While initially tied to government programs, MFN-style pricing is expected to influence commercial markets, with PBMs potentially using international reference points in contracting decisions. This creates a narrowing “pricing corridor” for manufacturers, where both high and low pricing strategies carry trade-offs.

“Launch low…and you end up with an MFN tail risk,” Chaudhary said. “Launch high, and the payers are going to use that as a justification for earlier and harsher utilization management.”

As a result, pricing and launch sequencing decisions are becoming more interconnected across global markets.

“There’s no longer a world where we have this clean six- to 12-month access runway,” she added. “You are launching directly into friction, leakage, and early pressure.”

How to adapt strategy to a faster-moving pricing environment?

Chaudhary concluded her session by emphasizing that manufacturers must take a more proactive and integrated approach to navigating this evolving landscape as policy changes continue to unfold.

“If you’re not looking at this every day there can be big strategies that are ready to go forward that you have not adjusted for,” she said.

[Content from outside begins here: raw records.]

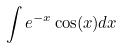Convert formula to latex. <formula><loc_0><loc_0><loc_500><loc_500>\int e ^ { - x } \cos ( x ) d x</formula> 
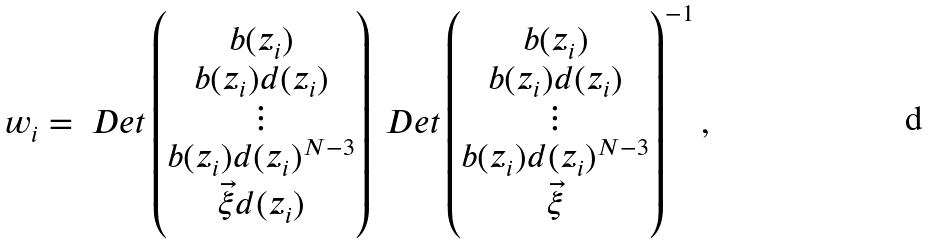<formula> <loc_0><loc_0><loc_500><loc_500>w _ { i } = \ D e t \begin{pmatrix} b ( z _ { i } ) \\ b ( z _ { i } ) d ( z _ { i } ) \\ \vdots \\ b ( z _ { i } ) d ( z _ { i } ) ^ { N - 3 } \\ \vec { \xi } d ( z _ { i } ) \\ \end{pmatrix} \ D e t \begin{pmatrix} b ( z _ { i } ) \\ b ( z _ { i } ) d ( z _ { i } ) \\ \vdots \\ b ( z _ { i } ) d ( z _ { i } ) ^ { N - 3 } \\ \vec { \xi } \\ \end{pmatrix} ^ { - 1 } ,</formula> 
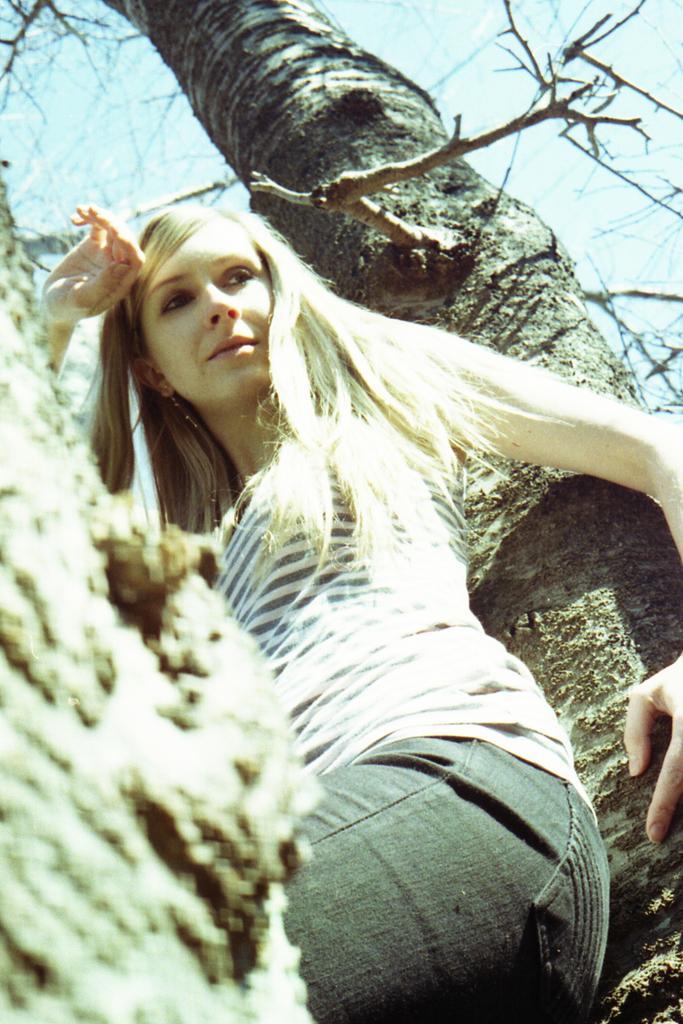Describe this image in one or two sentences. In this image in the foreground there is one person who is sitting on a tree, and in the background there is a tree. 
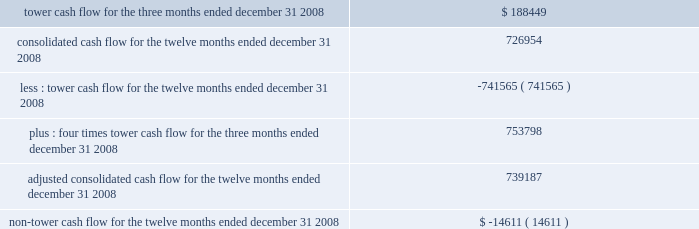Tower cash flow , adjusted consolidated cash flow and non-tower cash flow are considered non-gaap financial measures .
We are required to provide these financial metrics by the indentures for our 7.50% ( 7.50 % ) notes and 7.125% ( 7.125 % ) notes , and we have included them below because we consider the indentures for these notes to be material agreements , the covenants related to tower cash flow , adjusted consolidated cash flow and non-tower cash flow to be material terms of the indentures , and information about compliance with such covenants to be material to an investor 2019s understanding of our financial results and the impact of those results on our liquidity .
The table presents tower cash flow , adjusted consolidated cash flow and non-tower cash flow for the company and its restricted subsidiaries , as defined in the indentures for the applicable notes ( in thousands ) : .

What portion of the adjusted consolidated cash flow for the twelve months ended december 31 , 2008 is related to non-tower cash flow? 
Computations: (-14611 / 739187)
Answer: -0.01977. Tower cash flow , adjusted consolidated cash flow and non-tower cash flow are considered non-gaap financial measures .
We are required to provide these financial metrics by the indentures for our 7.50% ( 7.50 % ) notes and 7.125% ( 7.125 % ) notes , and we have included them below because we consider the indentures for these notes to be material agreements , the covenants related to tower cash flow , adjusted consolidated cash flow and non-tower cash flow to be material terms of the indentures , and information about compliance with such covenants to be material to an investor 2019s understanding of our financial results and the impact of those results on our liquidity .
The table presents tower cash flow , adjusted consolidated cash flow and non-tower cash flow for the company and its restricted subsidiaries , as defined in the indentures for the applicable notes ( in thousands ) : .

What portion of the adjusted consolidated cash flow for the twelve months ended december 31 , 2008 is related to tower cash flow? 
Computations: (753798 / 739187)
Answer: 1.01977. Tower cash flow , adjusted consolidated cash flow and non-tower cash flow are considered non-gaap financial measures .
We are required to provide these financial metrics by the indentures for our 7.50% ( 7.50 % ) notes and 7.125% ( 7.125 % ) notes , and we have included them below because we consider the indentures for these notes to be material agreements , the covenants related to tower cash flow , adjusted consolidated cash flow and non-tower cash flow to be material terms of the indentures , and information about compliance with such covenants to be material to an investor 2019s understanding of our financial results and the impact of those results on our liquidity .
The table presents tower cash flow , adjusted consolidated cash flow and non-tower cash flow for the company and its restricted subsidiaries , as defined in the indentures for the applicable notes ( in thousands ) : .

What was the average tower cash flow for the three months ended december 31 2008? 
Computations: (188449 / 3)
Answer: 62816.33333. 
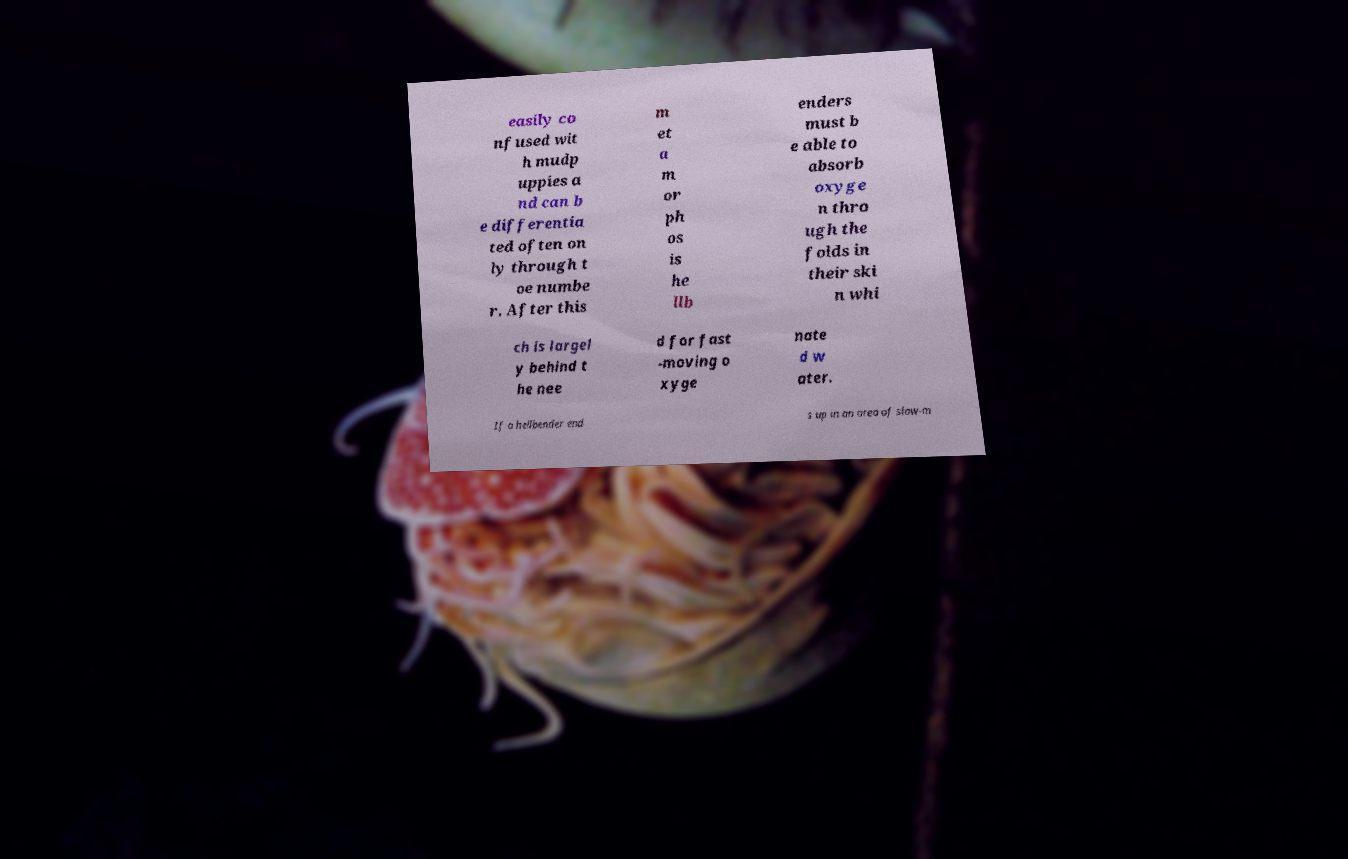For documentation purposes, I need the text within this image transcribed. Could you provide that? easily co nfused wit h mudp uppies a nd can b e differentia ted often on ly through t oe numbe r. After this m et a m or ph os is he llb enders must b e able to absorb oxyge n thro ugh the folds in their ski n whi ch is largel y behind t he nee d for fast -moving o xyge nate d w ater. If a hellbender end s up in an area of slow-m 
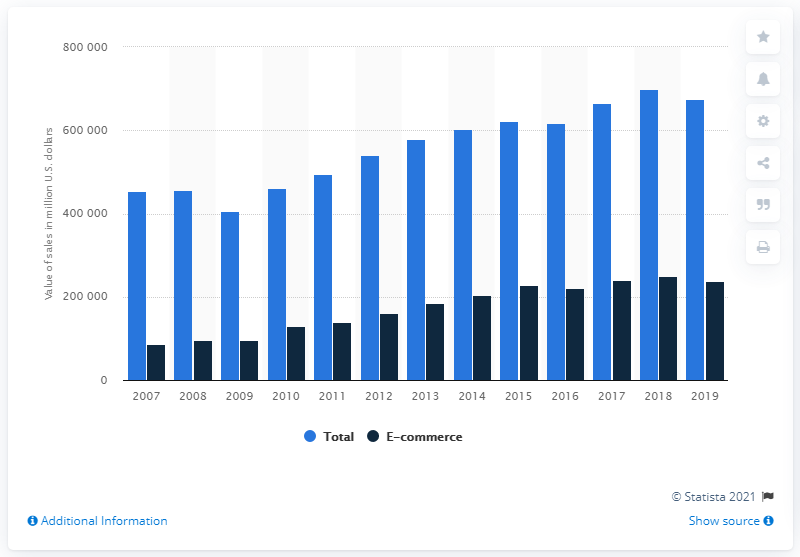Draw attention to some important aspects in this diagram. The e-commerce sales value in the most recent year was 238,981. In 2018, the value of e-commerce sales was approximately 250,517. 
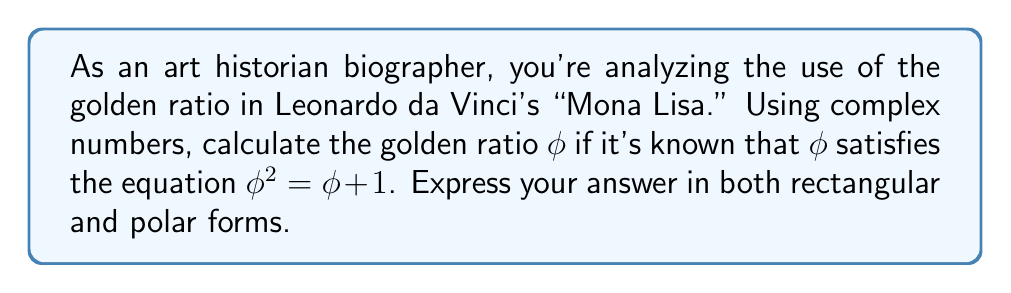Could you help me with this problem? To solve this problem, we'll follow these steps:

1) The golden ratio φ satisfies the equation $φ^2 = φ + 1$

2) Rearrange the equation to standard form:
   $φ^2 - φ - 1 = 0$

3) This is a quadratic equation. We can solve it using the quadratic formula:
   $φ = \frac{-b \pm \sqrt{b^2 - 4ac}}{2a}$

   Where $a=1$, $b=-1$, and $c=-1$

4) Substituting these values:
   $φ = \frac{1 \pm \sqrt{1^2 - 4(1)(-1)}}{2(1)} = \frac{1 \pm \sqrt{5}}{2}$

5) The positive solution is the golden ratio:
   $φ = \frac{1 + \sqrt{5}}{2}$

6) To express this in rectangular form of a complex number:
   $φ = \frac{1}{2} + i\frac{\sqrt{5}}{2}$

7) To convert to polar form, we need to calculate the modulus (r) and argument (θ):
   
   $r = \sqrt{(\frac{1}{2})^2 + (\frac{\sqrt{5}}{2})^2} = \sqrt{\frac{1}{4} + \frac{5}{4}} = \sqrt{\frac{3}{2}} = \frac{\sqrt{6}}{2}$

   $θ = \arctan(\frac{\sqrt{5}}{1}) \approx 1.1868$ radians or $68.0175°$

8) Therefore, in polar form:
   $φ = \frac{\sqrt{6}}{2}(\cos(1.1868) + i\sin(1.1868))$

   Or using Euler's formula:
   $φ = \frac{\sqrt{6}}{2}e^{1.1868i}$
Answer: Rectangular form: $φ = \frac{1}{2} + i\frac{\sqrt{5}}{2}$
Polar form: $φ = \frac{\sqrt{6}}{2}e^{1.1868i}$ or $φ = \frac{\sqrt{6}}{2}(\cos(1.1868) + i\sin(1.1868))$ 
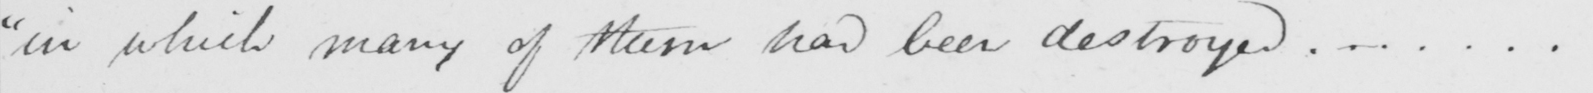Please provide the text content of this handwritten line. " in which many of them had been destroyed ...... .

That includes reassessing value frameworks, modeling new pricing scenarios, and aligning global and domestic strategies earlier in the product lifecycle.

While the environment is becoming more complex, Chaudhary framed it as a call for adaptation rather than alarm.

“I’m not going to be Chicken Little here and tell you the sky is falling, but you want to look forward and not just settle into what you’re comfortable with,” said Chaudhary.